<<<<

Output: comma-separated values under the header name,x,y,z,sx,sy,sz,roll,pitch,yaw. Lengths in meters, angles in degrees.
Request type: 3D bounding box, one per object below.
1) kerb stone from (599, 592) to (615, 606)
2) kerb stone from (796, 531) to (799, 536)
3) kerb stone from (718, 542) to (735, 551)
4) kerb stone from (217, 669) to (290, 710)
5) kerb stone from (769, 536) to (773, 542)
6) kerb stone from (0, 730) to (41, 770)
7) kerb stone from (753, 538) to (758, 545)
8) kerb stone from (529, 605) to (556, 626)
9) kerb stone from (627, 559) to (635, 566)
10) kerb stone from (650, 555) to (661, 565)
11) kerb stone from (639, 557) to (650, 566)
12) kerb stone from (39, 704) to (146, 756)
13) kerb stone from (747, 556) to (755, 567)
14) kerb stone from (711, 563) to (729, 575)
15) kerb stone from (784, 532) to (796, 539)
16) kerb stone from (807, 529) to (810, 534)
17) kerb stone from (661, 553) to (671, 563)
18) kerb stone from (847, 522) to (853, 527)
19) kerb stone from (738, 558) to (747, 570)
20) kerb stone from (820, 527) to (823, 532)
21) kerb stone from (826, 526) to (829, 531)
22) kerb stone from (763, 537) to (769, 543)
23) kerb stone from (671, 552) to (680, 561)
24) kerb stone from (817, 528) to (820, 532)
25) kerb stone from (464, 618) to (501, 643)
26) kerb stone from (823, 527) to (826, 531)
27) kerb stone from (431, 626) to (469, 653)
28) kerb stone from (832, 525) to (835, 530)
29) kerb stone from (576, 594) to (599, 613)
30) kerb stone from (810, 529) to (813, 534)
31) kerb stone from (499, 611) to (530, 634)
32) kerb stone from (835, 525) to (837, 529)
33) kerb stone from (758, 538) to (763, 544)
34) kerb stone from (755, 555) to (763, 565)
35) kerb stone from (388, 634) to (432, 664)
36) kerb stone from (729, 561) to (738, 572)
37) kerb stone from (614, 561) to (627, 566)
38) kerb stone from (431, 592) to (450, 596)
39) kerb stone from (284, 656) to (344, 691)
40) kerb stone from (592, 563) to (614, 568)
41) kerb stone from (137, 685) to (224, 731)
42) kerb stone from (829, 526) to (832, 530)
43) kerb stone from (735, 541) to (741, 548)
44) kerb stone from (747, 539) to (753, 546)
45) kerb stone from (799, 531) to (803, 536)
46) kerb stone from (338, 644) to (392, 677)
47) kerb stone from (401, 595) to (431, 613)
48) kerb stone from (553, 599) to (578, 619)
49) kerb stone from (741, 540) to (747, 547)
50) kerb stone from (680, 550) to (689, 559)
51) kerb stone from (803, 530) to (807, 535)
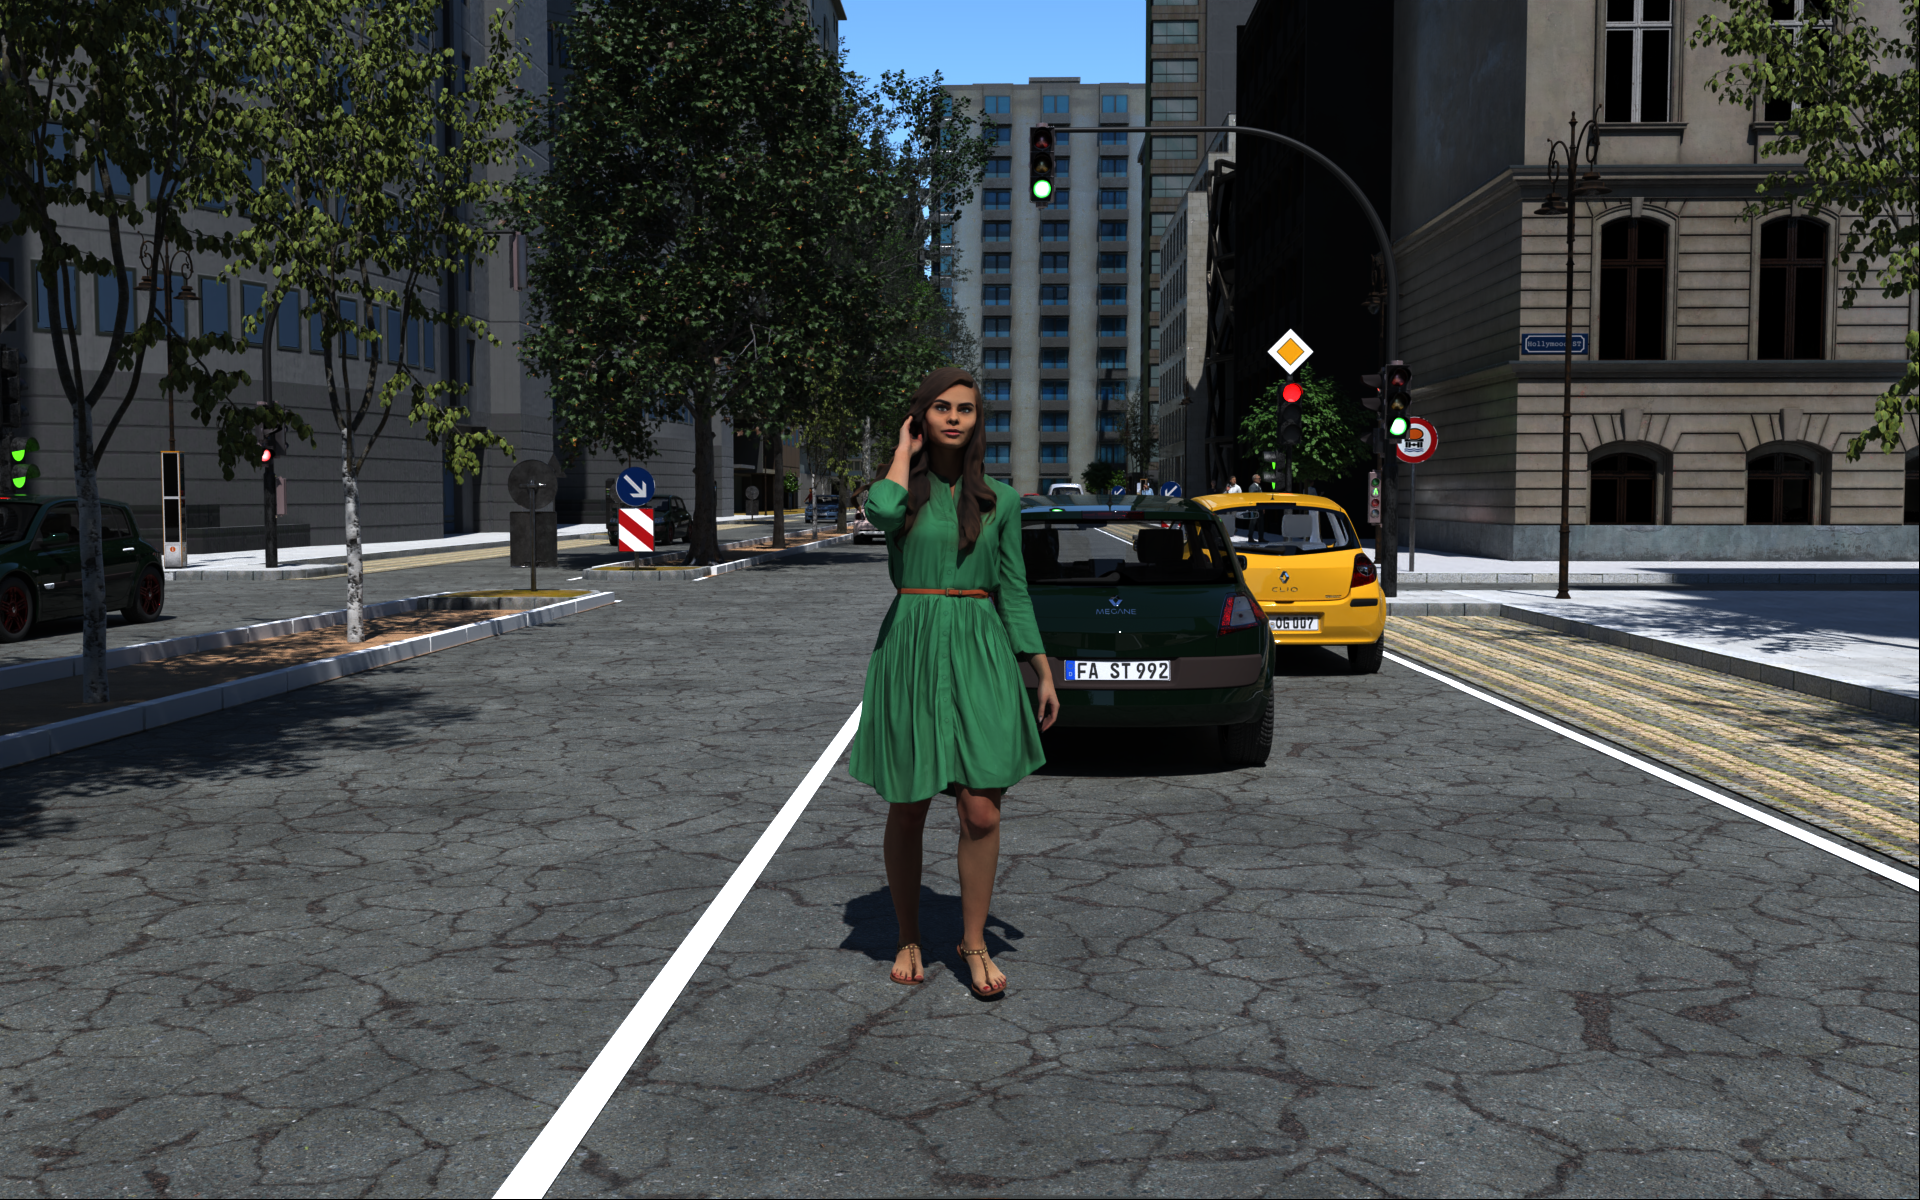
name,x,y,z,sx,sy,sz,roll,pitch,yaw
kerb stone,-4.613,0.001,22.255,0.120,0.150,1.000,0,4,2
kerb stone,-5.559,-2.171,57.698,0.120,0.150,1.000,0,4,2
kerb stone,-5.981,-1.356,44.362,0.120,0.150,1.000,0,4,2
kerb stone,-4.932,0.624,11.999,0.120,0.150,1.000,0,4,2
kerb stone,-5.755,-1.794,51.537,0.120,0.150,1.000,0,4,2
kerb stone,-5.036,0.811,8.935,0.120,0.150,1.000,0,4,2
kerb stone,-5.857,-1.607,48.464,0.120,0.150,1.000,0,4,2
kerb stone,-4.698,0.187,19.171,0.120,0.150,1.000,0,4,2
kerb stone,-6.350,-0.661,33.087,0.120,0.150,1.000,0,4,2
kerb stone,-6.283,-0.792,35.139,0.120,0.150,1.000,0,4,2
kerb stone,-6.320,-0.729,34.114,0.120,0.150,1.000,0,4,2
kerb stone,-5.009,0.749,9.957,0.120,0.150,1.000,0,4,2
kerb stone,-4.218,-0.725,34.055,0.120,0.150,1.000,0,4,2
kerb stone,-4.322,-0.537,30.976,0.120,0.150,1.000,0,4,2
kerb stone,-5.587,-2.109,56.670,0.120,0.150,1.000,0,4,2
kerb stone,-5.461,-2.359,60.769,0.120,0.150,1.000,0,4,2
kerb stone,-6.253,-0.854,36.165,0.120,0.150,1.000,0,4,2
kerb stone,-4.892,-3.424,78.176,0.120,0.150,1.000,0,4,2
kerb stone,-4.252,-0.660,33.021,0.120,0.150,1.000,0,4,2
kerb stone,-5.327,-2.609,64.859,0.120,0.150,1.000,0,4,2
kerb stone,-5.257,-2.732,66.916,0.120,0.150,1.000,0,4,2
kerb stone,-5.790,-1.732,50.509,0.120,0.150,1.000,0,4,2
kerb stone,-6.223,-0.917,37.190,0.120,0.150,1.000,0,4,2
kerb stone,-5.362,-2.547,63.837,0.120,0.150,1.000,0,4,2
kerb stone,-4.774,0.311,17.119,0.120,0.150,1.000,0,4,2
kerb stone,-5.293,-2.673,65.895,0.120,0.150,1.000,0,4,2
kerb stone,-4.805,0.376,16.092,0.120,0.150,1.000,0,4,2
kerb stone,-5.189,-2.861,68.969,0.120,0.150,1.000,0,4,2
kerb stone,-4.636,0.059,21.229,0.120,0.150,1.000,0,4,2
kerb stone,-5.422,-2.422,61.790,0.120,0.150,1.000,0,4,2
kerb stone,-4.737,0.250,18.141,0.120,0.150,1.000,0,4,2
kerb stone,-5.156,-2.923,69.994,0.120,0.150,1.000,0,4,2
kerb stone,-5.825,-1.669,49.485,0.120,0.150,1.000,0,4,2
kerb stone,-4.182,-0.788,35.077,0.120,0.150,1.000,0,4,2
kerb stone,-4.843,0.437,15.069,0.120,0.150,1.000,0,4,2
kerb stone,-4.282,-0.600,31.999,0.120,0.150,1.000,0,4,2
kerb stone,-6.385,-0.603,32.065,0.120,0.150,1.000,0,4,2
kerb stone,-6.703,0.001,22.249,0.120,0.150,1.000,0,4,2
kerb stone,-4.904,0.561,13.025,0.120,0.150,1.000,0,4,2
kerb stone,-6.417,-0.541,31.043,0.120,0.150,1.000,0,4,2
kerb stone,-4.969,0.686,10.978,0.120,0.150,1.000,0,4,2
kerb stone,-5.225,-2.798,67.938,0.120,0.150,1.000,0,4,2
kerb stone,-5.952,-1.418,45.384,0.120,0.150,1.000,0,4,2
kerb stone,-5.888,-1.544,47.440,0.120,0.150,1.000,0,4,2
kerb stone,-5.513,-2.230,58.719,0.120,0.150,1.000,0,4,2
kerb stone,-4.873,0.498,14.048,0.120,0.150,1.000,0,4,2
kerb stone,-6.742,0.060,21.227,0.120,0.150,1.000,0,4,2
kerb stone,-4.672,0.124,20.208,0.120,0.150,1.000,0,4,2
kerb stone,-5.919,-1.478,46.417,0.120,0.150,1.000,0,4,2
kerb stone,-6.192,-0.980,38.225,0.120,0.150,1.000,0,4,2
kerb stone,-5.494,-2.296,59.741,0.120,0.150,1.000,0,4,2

>>>>
<<<<

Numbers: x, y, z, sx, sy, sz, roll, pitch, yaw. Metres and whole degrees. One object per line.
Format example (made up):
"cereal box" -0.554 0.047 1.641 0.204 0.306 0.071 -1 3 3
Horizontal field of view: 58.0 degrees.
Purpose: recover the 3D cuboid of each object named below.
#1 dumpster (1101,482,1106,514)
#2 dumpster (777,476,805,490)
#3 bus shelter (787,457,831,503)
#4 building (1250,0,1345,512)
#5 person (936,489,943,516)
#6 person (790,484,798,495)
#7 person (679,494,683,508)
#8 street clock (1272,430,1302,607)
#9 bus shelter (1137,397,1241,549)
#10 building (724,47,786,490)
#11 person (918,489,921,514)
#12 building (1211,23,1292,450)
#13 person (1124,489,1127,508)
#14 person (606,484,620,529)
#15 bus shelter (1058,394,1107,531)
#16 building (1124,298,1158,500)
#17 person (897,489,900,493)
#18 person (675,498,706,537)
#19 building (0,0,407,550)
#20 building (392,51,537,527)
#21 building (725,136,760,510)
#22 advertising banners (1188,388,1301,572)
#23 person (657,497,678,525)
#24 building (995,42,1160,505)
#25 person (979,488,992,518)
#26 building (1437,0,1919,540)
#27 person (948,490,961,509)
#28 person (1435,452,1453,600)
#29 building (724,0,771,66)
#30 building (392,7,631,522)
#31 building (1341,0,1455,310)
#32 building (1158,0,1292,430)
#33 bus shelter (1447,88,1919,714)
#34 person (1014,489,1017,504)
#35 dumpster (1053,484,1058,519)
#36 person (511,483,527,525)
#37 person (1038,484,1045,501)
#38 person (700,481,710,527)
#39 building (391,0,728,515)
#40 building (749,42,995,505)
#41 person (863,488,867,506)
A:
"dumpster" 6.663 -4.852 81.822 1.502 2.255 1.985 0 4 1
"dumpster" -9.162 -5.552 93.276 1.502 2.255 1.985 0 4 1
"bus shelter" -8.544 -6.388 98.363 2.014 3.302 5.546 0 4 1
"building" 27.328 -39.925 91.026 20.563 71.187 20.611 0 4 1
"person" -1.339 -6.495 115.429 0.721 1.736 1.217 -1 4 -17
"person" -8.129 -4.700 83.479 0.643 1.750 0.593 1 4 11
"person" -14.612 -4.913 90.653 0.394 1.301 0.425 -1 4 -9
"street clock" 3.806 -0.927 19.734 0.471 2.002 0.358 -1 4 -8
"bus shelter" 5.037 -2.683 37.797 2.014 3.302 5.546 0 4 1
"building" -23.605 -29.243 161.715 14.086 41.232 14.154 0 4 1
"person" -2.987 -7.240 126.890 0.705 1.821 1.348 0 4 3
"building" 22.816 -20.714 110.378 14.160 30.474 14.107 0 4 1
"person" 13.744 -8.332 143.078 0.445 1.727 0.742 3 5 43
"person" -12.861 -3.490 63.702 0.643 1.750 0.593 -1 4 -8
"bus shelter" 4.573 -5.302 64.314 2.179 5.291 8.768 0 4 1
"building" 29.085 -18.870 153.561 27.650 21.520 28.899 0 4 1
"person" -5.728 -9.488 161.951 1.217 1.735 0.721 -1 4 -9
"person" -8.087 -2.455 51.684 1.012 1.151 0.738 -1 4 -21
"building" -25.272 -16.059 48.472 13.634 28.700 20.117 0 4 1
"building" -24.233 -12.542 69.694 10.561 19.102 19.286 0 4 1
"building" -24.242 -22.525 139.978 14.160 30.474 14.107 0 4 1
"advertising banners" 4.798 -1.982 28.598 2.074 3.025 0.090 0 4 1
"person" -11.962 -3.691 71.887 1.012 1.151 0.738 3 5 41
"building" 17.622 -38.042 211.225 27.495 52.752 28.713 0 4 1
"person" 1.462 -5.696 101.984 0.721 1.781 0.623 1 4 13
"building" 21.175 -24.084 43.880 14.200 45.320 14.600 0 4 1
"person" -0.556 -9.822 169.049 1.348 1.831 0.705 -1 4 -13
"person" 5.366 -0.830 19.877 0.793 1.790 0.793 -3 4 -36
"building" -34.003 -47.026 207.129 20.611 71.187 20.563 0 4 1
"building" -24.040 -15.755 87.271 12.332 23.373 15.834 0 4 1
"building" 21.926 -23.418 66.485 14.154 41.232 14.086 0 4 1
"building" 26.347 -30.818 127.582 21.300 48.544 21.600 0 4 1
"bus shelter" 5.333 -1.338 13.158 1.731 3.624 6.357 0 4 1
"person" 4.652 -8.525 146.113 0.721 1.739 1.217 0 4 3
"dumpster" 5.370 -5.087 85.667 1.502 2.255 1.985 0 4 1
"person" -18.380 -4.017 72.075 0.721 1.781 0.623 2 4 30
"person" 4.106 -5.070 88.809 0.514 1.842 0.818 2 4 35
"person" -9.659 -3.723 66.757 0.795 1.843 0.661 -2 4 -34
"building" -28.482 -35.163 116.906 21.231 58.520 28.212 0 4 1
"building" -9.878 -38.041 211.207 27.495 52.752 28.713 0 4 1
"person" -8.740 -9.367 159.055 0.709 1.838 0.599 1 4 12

>>>>

* _Required action_:
Please give again the lines above between the line holding "Output: comma-separated values" and the line holding "38) kerb stone from (431, 592) to (450, 596)", inclusive, exactly as they are and with nothing added.

* _Answer to the exercise_:
Output: comma-separated values under the header name,x,y,z,sx,sy,sz,roll,pitch,yaw. Lengths in meters, angles in degrees.
Request type: 3D bounding box, one per object below.
1) kerb stone from (599, 592) to (615, 606)
2) kerb stone from (796, 531) to (799, 536)
3) kerb stone from (718, 542) to (735, 551)
4) kerb stone from (217, 669) to (290, 710)
5) kerb stone from (769, 536) to (773, 542)
6) kerb stone from (0, 730) to (41, 770)
7) kerb stone from (753, 538) to (758, 545)
8) kerb stone from (529, 605) to (556, 626)
9) kerb stone from (627, 559) to (635, 566)
10) kerb stone from (650, 555) to (661, 565)
11) kerb stone from (639, 557) to (650, 566)
12) kerb stone from (39, 704) to (146, 756)
13) kerb stone from (747, 556) to (755, 567)
14) kerb stone from (711, 563) to (729, 575)
15) kerb stone from (784, 532) to (796, 539)
16) kerb stone from (807, 529) to (810, 534)
17) kerb stone from (661, 553) to (671, 563)
18) kerb stone from (847, 522) to (853, 527)
19) kerb stone from (738, 558) to (747, 570)
20) kerb stone from (820, 527) to (823, 532)
21) kerb stone from (826, 526) to (829, 531)
22) kerb stone from (763, 537) to (769, 543)
23) kerb stone from (671, 552) to (680, 561)
24) kerb stone from (817, 528) to (820, 532)
25) kerb stone from (464, 618) to (501, 643)
26) kerb stone from (823, 527) to (826, 531)
27) kerb stone from (431, 626) to (469, 653)
28) kerb stone from (832, 525) to (835, 530)
29) kerb stone from (576, 594) to (599, 613)
30) kerb stone from (810, 529) to (813, 534)
31) kerb stone from (499, 611) to (530, 634)
32) kerb stone from (835, 525) to (837, 529)
33) kerb stone from (758, 538) to (763, 544)
34) kerb stone from (755, 555) to (763, 565)
35) kerb stone from (388, 634) to (432, 664)
36) kerb stone from (729, 561) to (738, 572)
37) kerb stone from (614, 561) to (627, 566)
38) kerb stone from (431, 592) to (450, 596)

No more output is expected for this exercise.